Inside Claude Code: A 16-Layer Architecture Map From Source

Inside Claude Code: A 16-Layer Architecture Map From Source

TL;DR Claude Code is a TypeScript CLI with 1300+ modules that compiles with Bun and ships as a single binary. This article maps its 16 architectural layers from source: bootstrap fast paths, the agentic while(true) loop, subagents as nested function calls (not subprocesses), and four layers of feature flags. All findings come from reading every file in the claude-code/ source tree.


Why Map the Architecture?

Claude Code ships as a source-available npm package, but the codebase is large and tightly interconnected. The main.tsx file alone is 4500+ lines, and the API client is 2300+ lines. Following one user message from stdin to API call to tool execution requires tracing at least seven layers of indirection.

This article organizes that full-file read into a layered map. The goal is a practical mental model you can use while reading source, building extensions, or debugging behavior.

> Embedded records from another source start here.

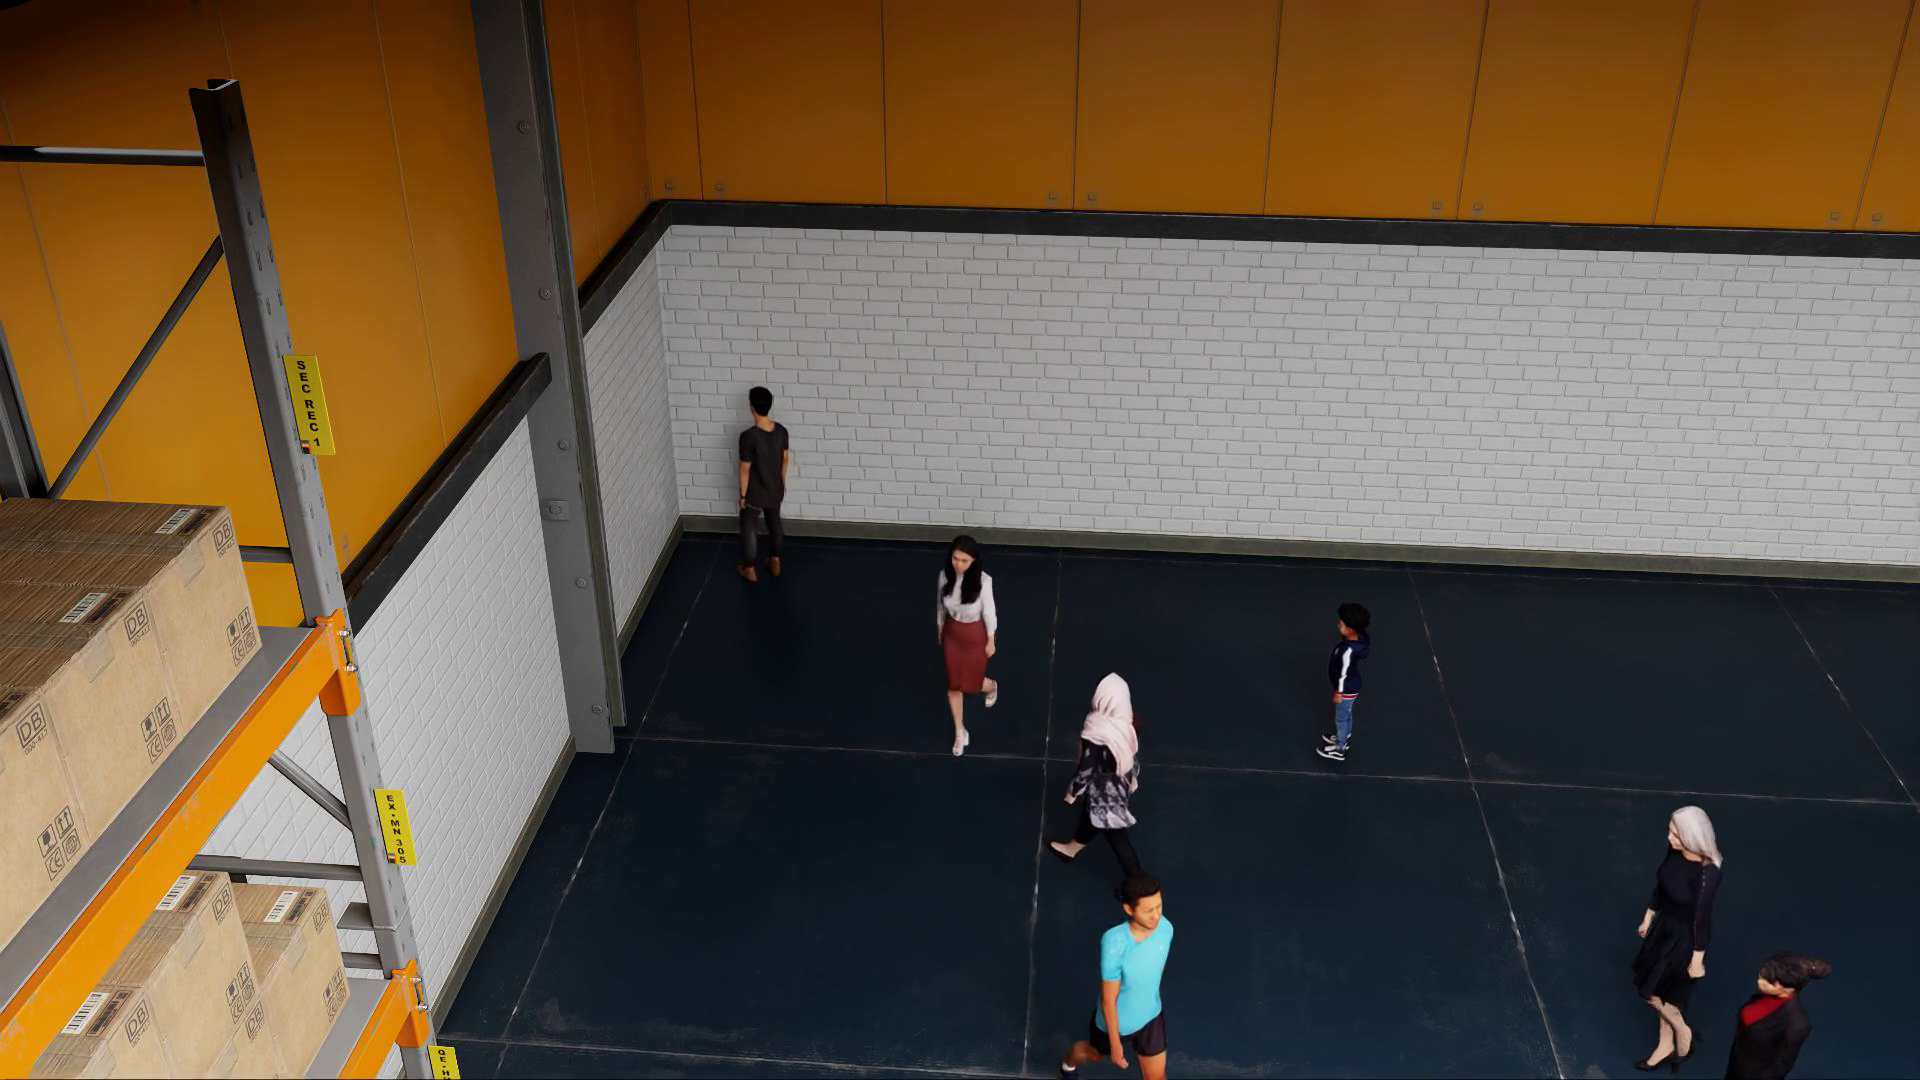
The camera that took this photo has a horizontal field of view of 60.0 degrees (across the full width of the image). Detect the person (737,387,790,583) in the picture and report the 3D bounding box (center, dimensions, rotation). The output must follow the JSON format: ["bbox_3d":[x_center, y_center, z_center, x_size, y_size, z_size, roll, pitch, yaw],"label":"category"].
[{"bbox_3d":[-1.613,-0.438,13.821,0.770,1.708,0.817,-20,35,-32],"label":"person"}]

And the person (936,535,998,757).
[{"bbox_3d":[0.085,0.698,11.714,0.794,1.731,0.940,14,32,25],"label":"person"}]

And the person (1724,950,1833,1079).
[{"bbox_3d":[3.966,2.682,8.186,0.610,1.625,0.621,4,29,6],"label":"person"}]

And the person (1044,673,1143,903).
[{"bbox_3d":[0.978,1.579,10.246,1.033,1.589,1.115,18,34,30],"label":"person"}]

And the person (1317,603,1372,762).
[{"bbox_3d":[2.720,0.988,11.714,0.628,1.222,0.498,11,30,19],"label":"person"}]

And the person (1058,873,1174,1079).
[{"bbox_3d":[0.792,2.409,8.577,1.082,1.730,1.262,-16,33,-27],"label":"person"}]

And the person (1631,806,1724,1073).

Claude Code — 16 Layers at a Glance
Claude Code — 16 Layers at a Glance

Layer 0: Bootstrap — The Fast-Path Strategy

File: entrypoints/cli.tsx (302 lines)

This is the single entry point for all CLI invocations. The key design choice is to check special flags before importing anything. The full CLI loads 1300+ modules, Commander.js, and Ink. For commands like --version, that startup work would be wasted.

The main() function implements a decision tree of 8+ fast paths that execute and exit before the heavy imports ever run:

Bootstrap Fast-Path Decision Tree
Bootstrap Fast-Path Decision Tree

Three fast paths stand out:

  • --version does zero imports. It reads a compile-time macro and prints it. Instant.
  • --daemon-worker is marked as performance-critical and skips even config initialization.
  • --worktree + --tmux calls exec() directly into a tmux session, bypassing the CLI entirely.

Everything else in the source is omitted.